Sepulang bermain, mama
Juju ternyata sudah menunggu di depan rumah. Ditatapnya wajah Juju dengan
garang. “Dari mana?”, tanya mama Juju sambil mengaitkan tangan di pinggangnya.
Dengan tertunduk setengah
ketakutan, Juju menjawab, “Main layang-layang mah...”
“Besok dan seterusnya,
mama minta kamu jangan bermain layang-layang lagi!”. Begitu kata mama Juju
selanjutnya. Ada apa dengan mama?, pikir Juju terheran-heran. Tidak biasanya
mama marah gara-gara Juju bermain layang-layang.
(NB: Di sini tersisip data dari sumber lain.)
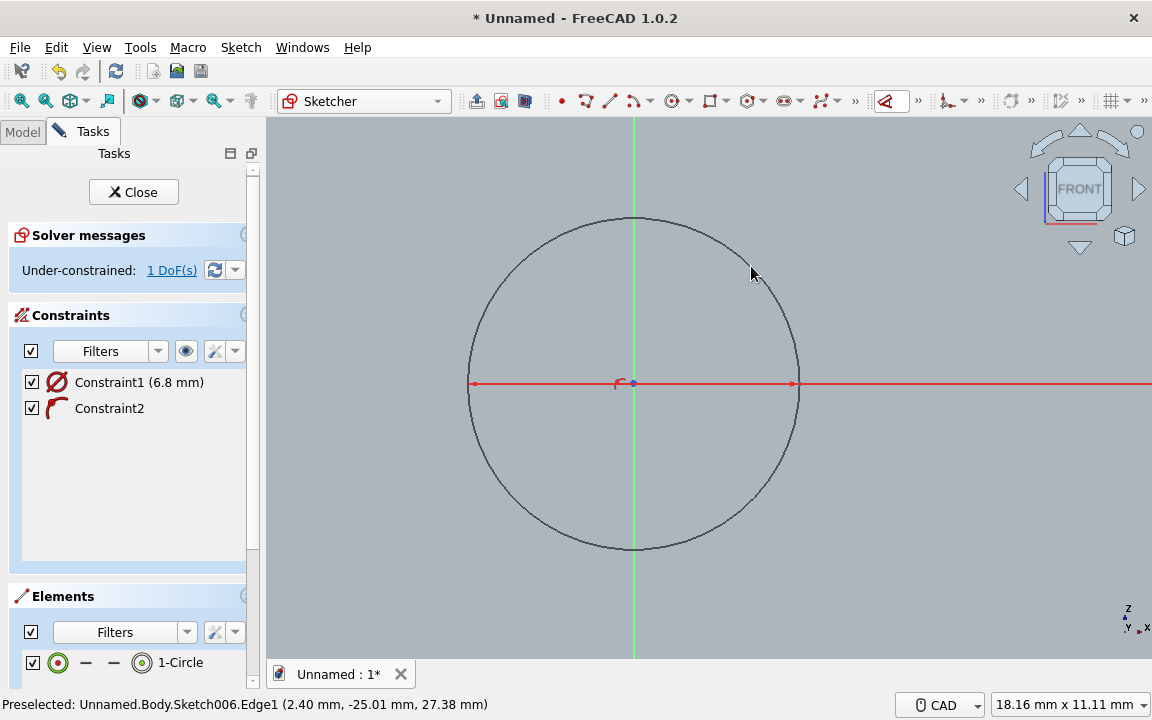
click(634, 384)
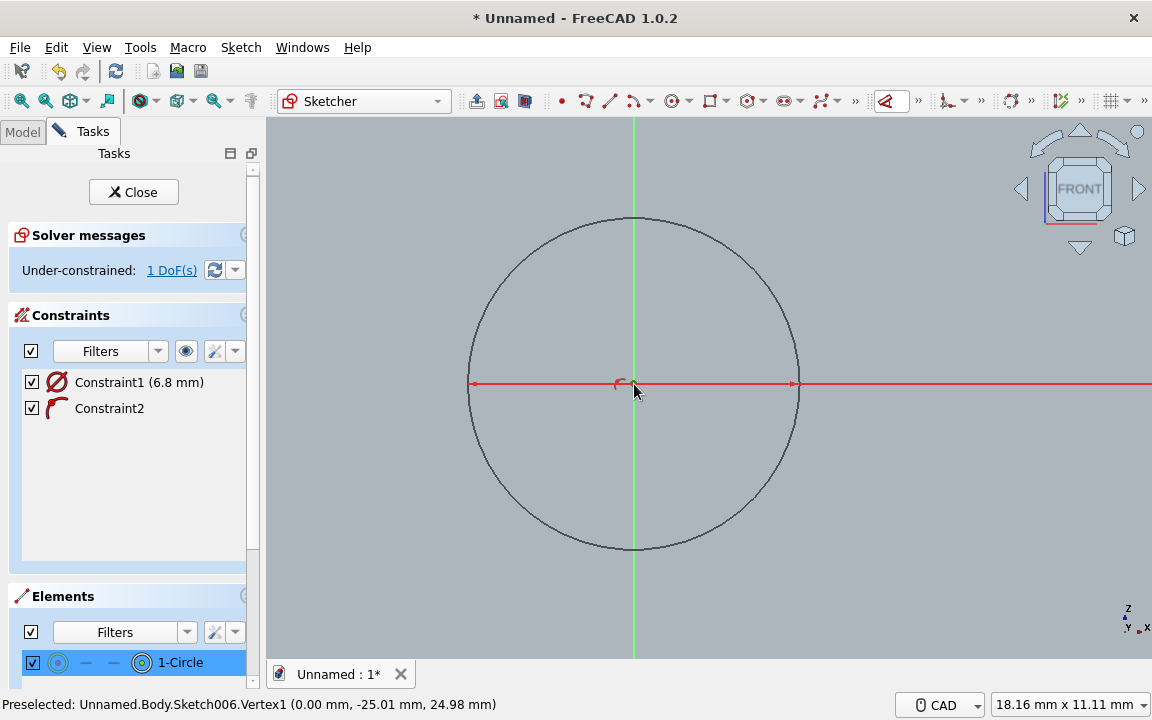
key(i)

Hemm... apa mungkin, gara-gara
anak itu..., ya! pasti anak si
perebut layang-layang itu berbicara yang mengada-ada sama mama. Uh, sial!
Sejak mendengar
larangan mama bermain layang-layang, Juju menjadi pemurung. Apa lagi, setiap
melihat dari jendela kamarnya, dilihatnya layang-layang terbang tinggi yang
menyentuh awan, membuatnya semakin sedih. Sesekali dipikirannya melintas untuk
mencoba bermain layang-layang kembali. “Mama sudah bilang, jangan bermain
layang-layang lagi!”, begitu mama Juju
berkata lagi, saat melihat Juju membawa layang-layang. Sepertinya larangan mama
benar-benar untuk selamanya, pikir Juju pasrah.
“Hoi!!!! bengong saja
dari tadi!”, seru seseorang sambil menepuk punggung Juju tiba-tiba.
Juju tersentak,
mendadak wajahnya memerah amarah.
“Hei,”, katanya sambil memutar
pandangan. Di hadapannya, sudah berdiri Veldy yang sedang tertawa lepas.
“Eit, santai.....”, kata
Veldy menangkis tangan Juju yang hampir mendarat di Pipinya.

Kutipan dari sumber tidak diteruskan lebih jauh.